_Dataset extract_
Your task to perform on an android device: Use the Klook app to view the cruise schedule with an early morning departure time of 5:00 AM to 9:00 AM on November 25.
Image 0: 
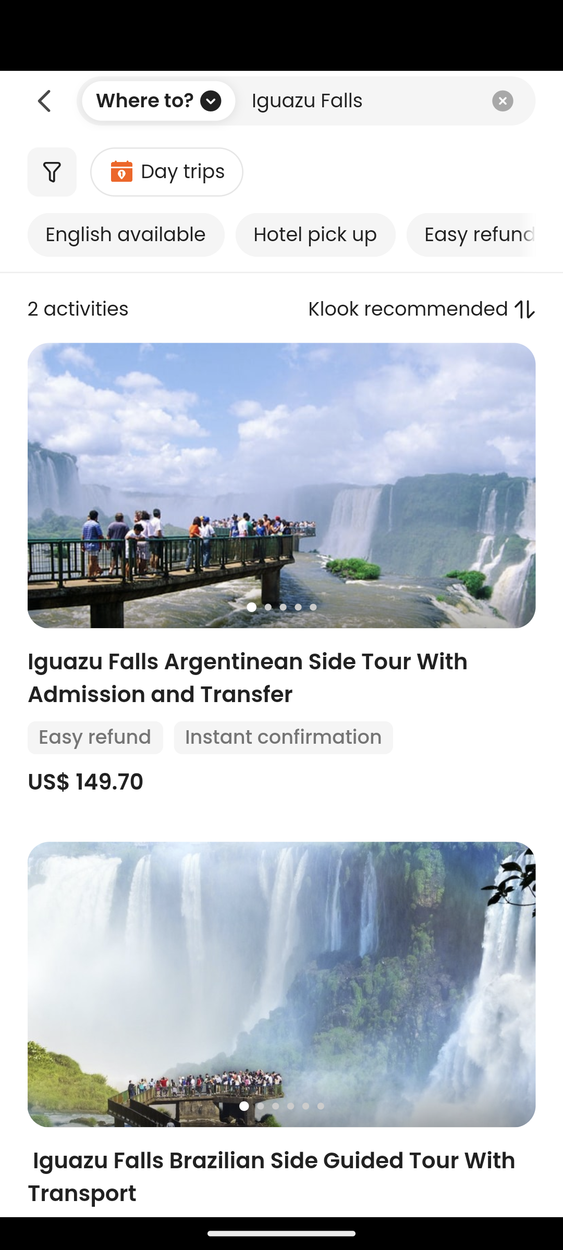
Click on the filter icon at the top left of the screen
Step 0: click (57, 167)
Image 1: 
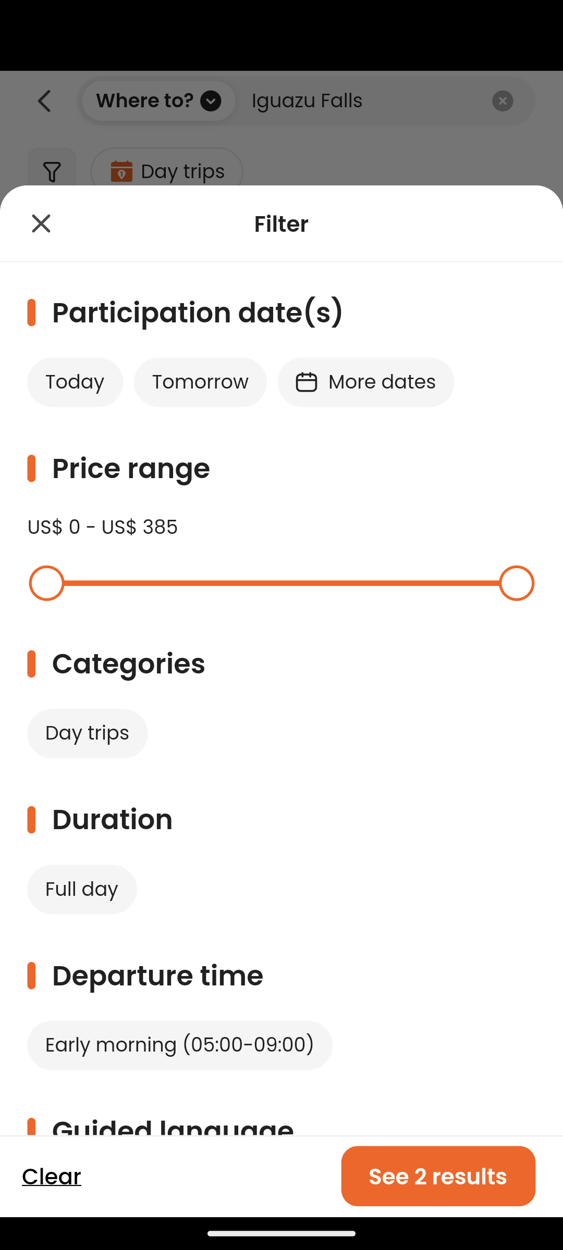
Click on More dates
Step 1: click (366, 382)
Image 2: 
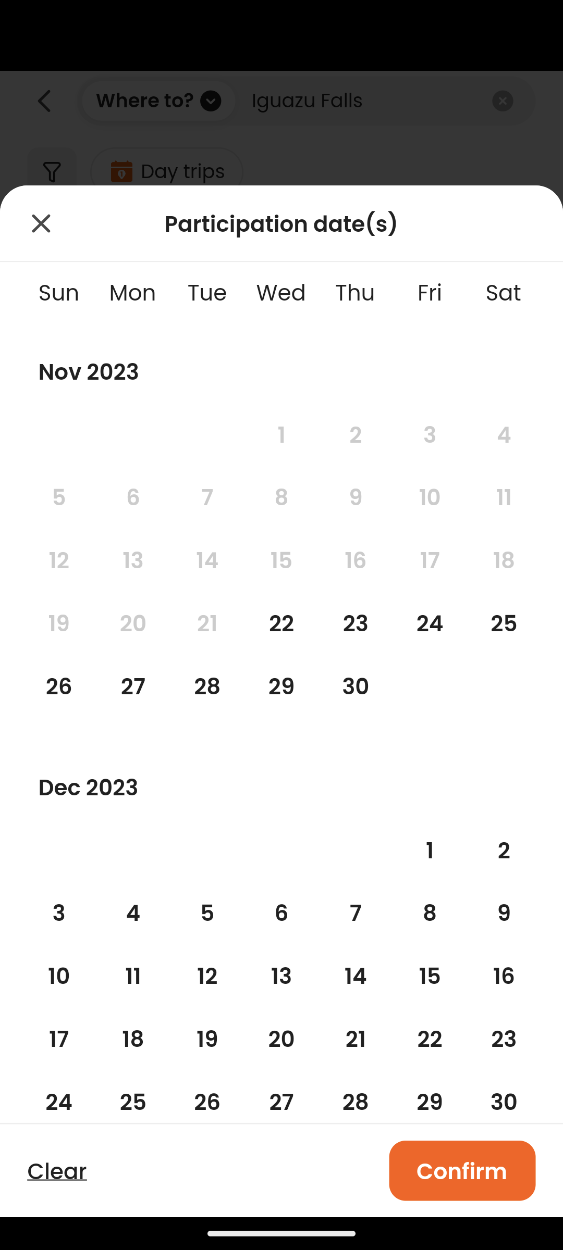
select date as 25 november
Step 2: click (504, 623)
Image 3: 
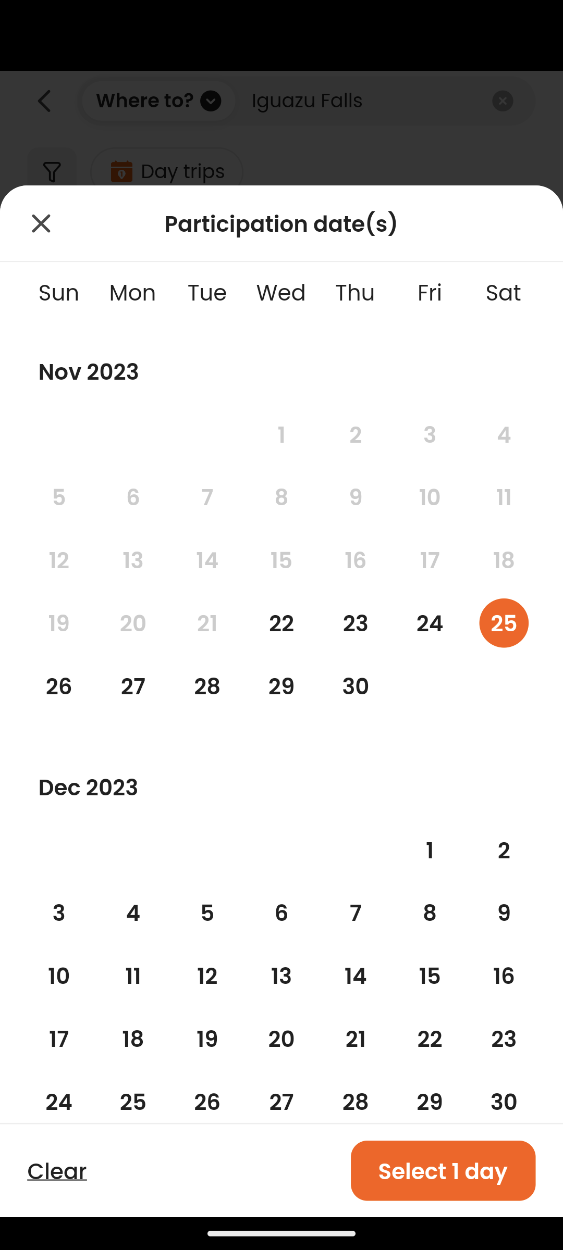
Click on Select 1 day at the bottom of the screen
Step 3: click (443, 1171)
Image 5: 
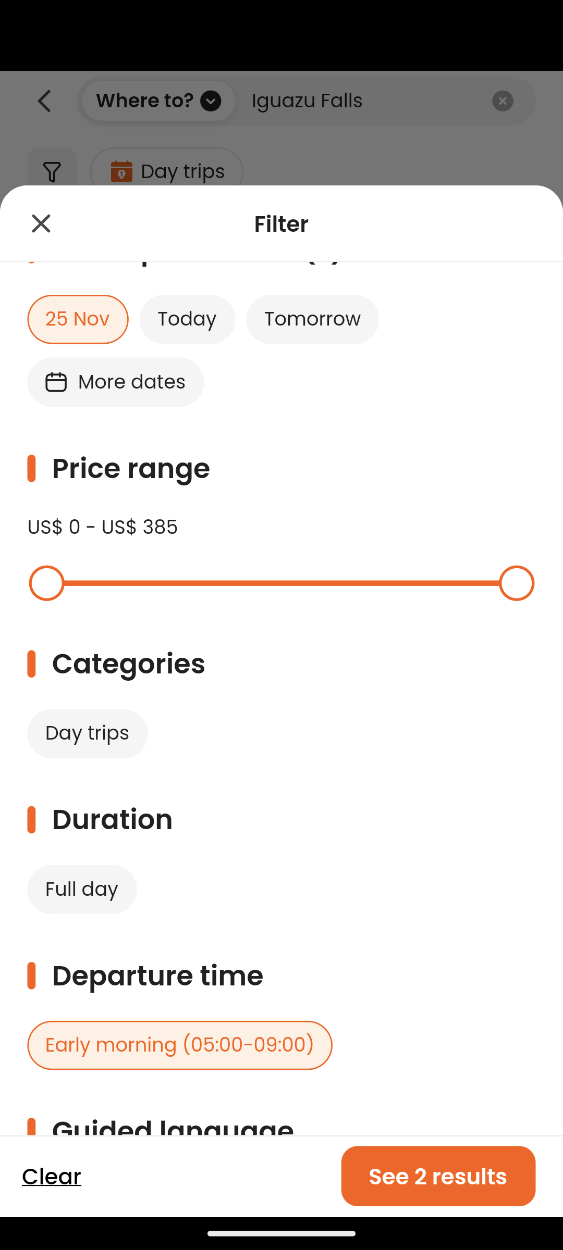
Click on See 2 results at the bottom right corner of the screen
Step 5: click (438, 1176)

_Task_
Only the lines from the line holding "Step 3: click (443, 1171)" through the last line above belong in the answer, repeated exactly; the pictures do not.

_Exercise output_
Step 3: click (443, 1171)
Image 5: 
Click on See 2 results at the bottom right corner of the screen
Step 5: click (438, 1176)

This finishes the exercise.